◆ Task to complete ◆
Every line below that contains the word "Renovatie" must be copied.

◆ ◆ ◆ ◆ ◆ ◆ ◆

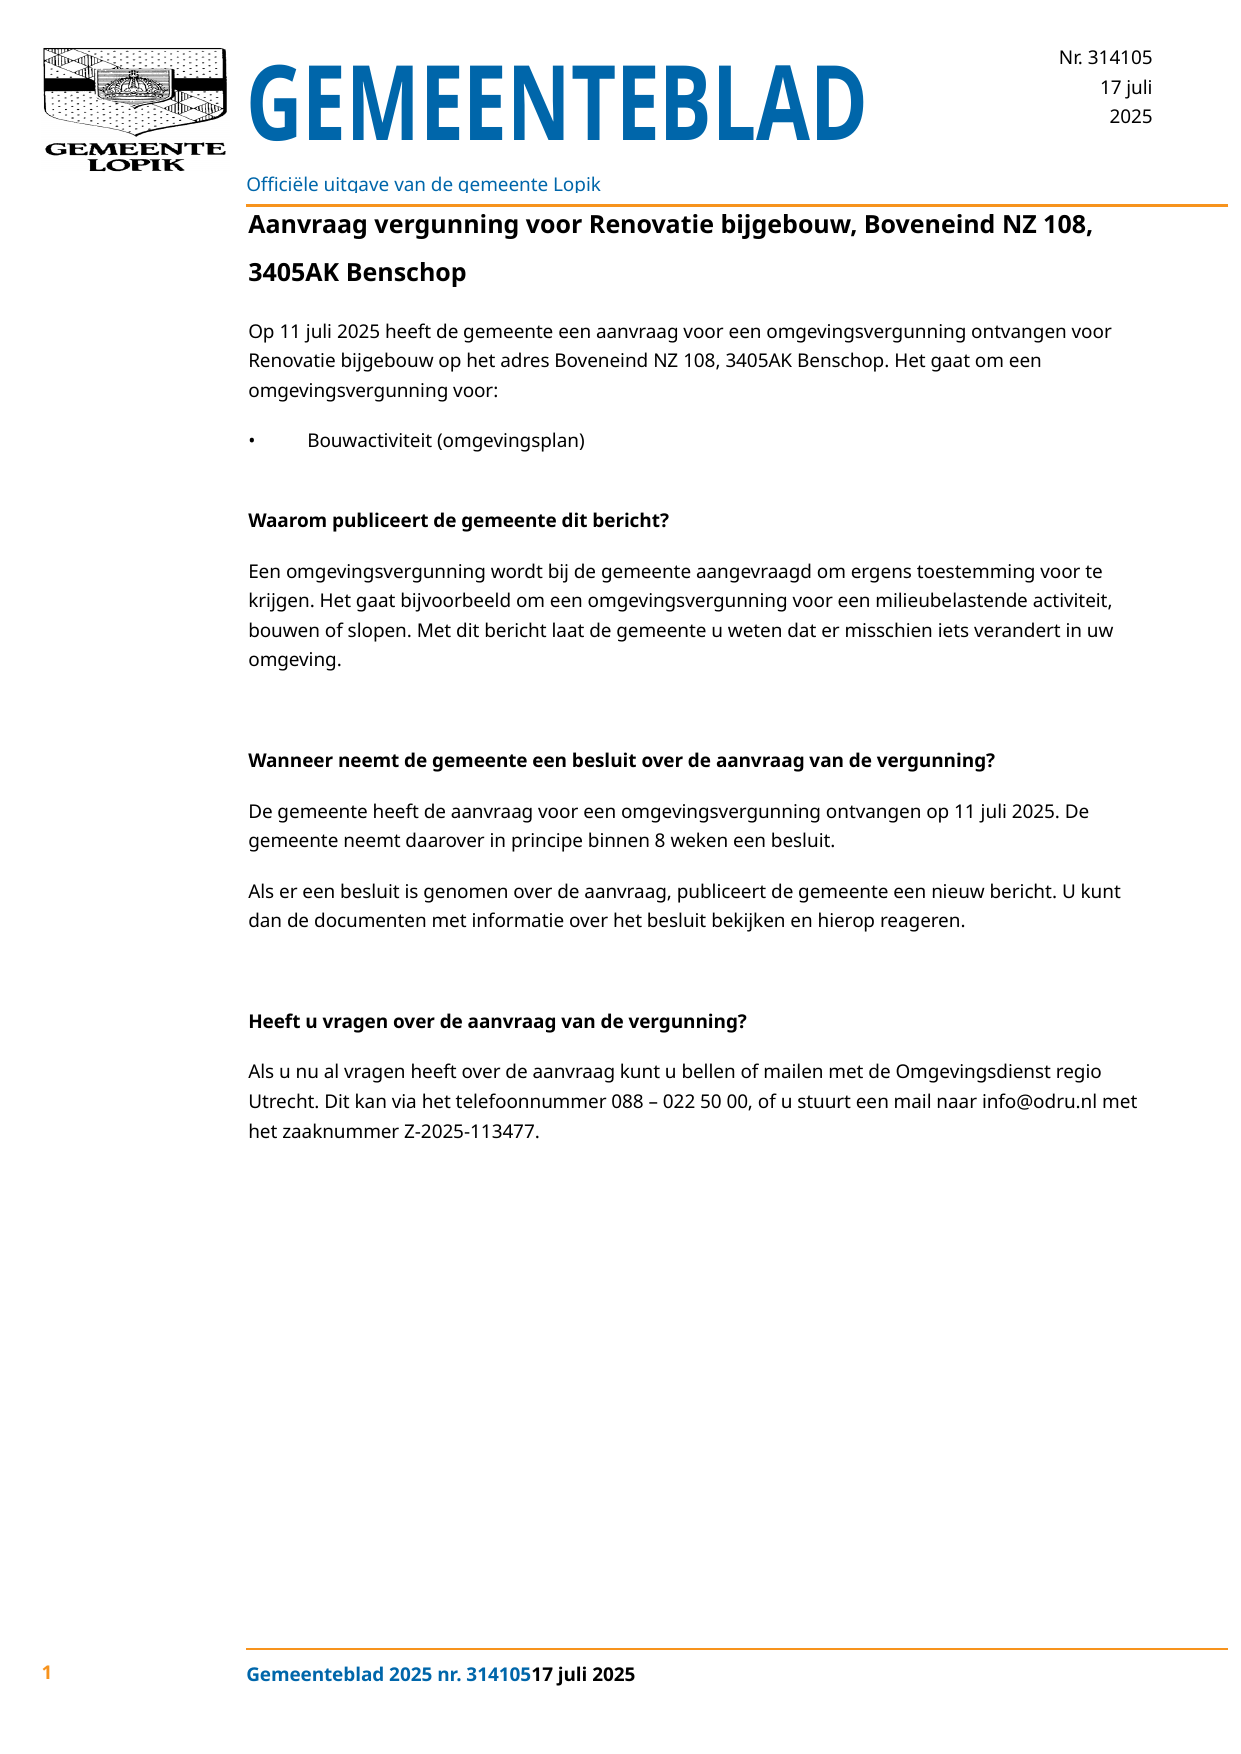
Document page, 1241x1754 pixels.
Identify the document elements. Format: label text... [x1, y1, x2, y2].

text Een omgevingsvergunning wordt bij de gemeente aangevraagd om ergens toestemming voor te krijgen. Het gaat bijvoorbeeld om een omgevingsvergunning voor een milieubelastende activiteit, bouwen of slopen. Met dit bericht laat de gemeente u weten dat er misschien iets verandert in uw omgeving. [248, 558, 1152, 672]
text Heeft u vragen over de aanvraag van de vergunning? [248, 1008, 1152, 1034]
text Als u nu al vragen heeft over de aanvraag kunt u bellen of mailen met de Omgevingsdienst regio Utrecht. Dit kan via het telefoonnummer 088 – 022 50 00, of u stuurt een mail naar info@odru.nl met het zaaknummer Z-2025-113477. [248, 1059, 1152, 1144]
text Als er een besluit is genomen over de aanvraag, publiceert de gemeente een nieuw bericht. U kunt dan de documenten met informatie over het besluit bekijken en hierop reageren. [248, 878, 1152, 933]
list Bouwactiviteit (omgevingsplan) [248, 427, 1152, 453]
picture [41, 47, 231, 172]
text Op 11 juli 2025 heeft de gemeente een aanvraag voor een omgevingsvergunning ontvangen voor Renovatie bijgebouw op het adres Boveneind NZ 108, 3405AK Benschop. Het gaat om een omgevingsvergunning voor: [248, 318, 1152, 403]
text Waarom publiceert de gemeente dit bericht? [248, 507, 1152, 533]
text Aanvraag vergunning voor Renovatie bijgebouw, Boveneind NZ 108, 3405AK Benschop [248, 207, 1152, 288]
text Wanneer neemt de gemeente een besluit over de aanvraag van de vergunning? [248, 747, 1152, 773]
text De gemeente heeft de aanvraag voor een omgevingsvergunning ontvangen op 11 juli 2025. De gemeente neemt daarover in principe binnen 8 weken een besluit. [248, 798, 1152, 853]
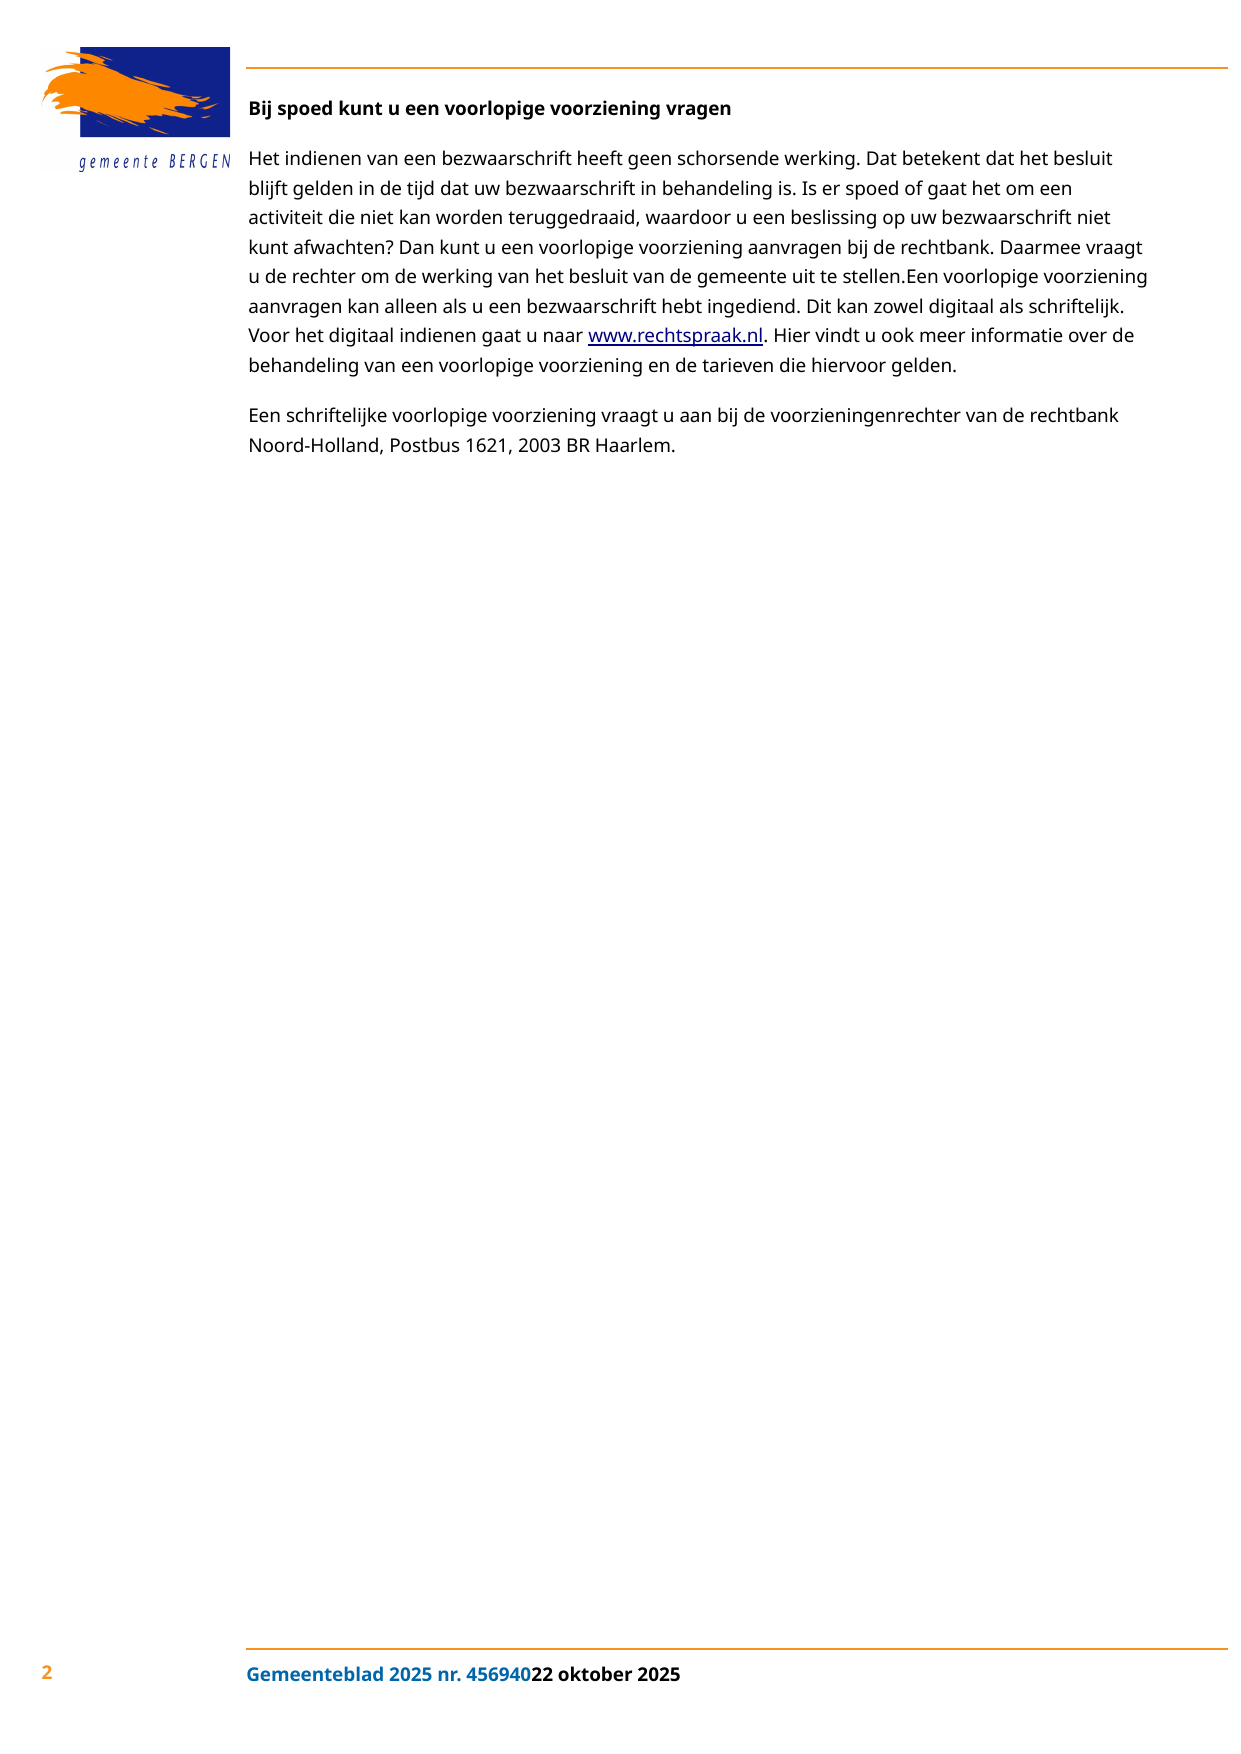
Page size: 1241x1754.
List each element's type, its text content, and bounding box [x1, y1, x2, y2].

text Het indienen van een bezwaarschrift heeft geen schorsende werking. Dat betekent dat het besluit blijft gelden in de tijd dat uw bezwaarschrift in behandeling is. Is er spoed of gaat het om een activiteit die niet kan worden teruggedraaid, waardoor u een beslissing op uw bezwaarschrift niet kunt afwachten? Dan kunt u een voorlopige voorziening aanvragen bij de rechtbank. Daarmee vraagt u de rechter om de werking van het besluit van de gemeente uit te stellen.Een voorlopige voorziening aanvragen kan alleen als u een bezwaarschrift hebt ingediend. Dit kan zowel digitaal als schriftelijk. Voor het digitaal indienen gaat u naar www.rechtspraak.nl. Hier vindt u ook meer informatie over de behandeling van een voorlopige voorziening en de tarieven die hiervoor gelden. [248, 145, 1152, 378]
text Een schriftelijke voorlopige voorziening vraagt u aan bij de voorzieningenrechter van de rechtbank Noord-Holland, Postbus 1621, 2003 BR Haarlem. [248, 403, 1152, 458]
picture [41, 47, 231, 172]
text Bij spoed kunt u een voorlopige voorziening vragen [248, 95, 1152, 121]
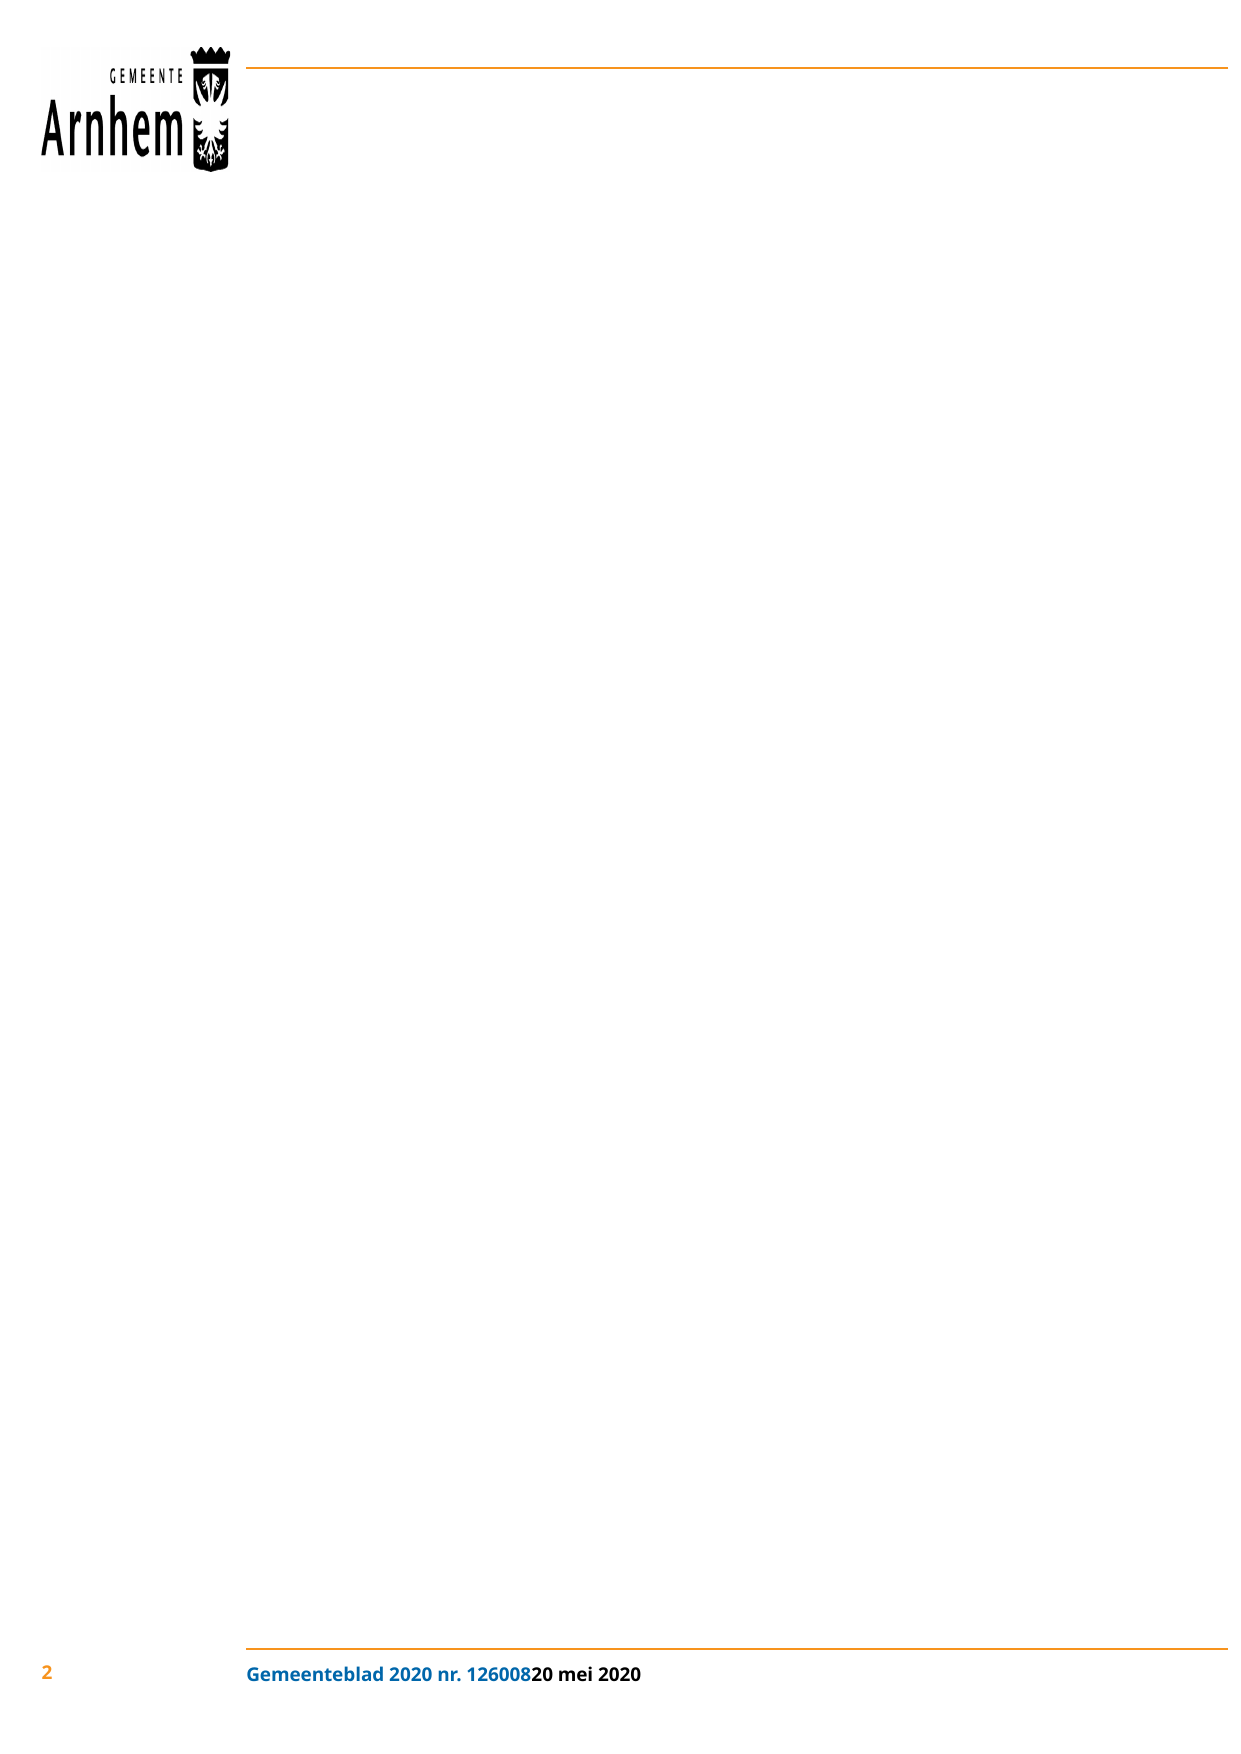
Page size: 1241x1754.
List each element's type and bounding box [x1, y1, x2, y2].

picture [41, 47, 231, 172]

◆ ◆ ◆ ◆ ◆ ◆ ◆

◆ Response to the exercise ◆
text Op 11 juli 2025 heeft de gemeente een aanvraag voor een omgevingsvergunning ontvangen voor Renovatie bijgebouw op het adres Boveneind NZ 108, 3405AK Benschop. Het gaat om een omgevingsvergunning voor: [248, 318, 1152, 403]
text Aanvraag vergunning voor Renovatie bijgebouw, Boveneind NZ 108, 3405AK Benschop [248, 207, 1152, 288]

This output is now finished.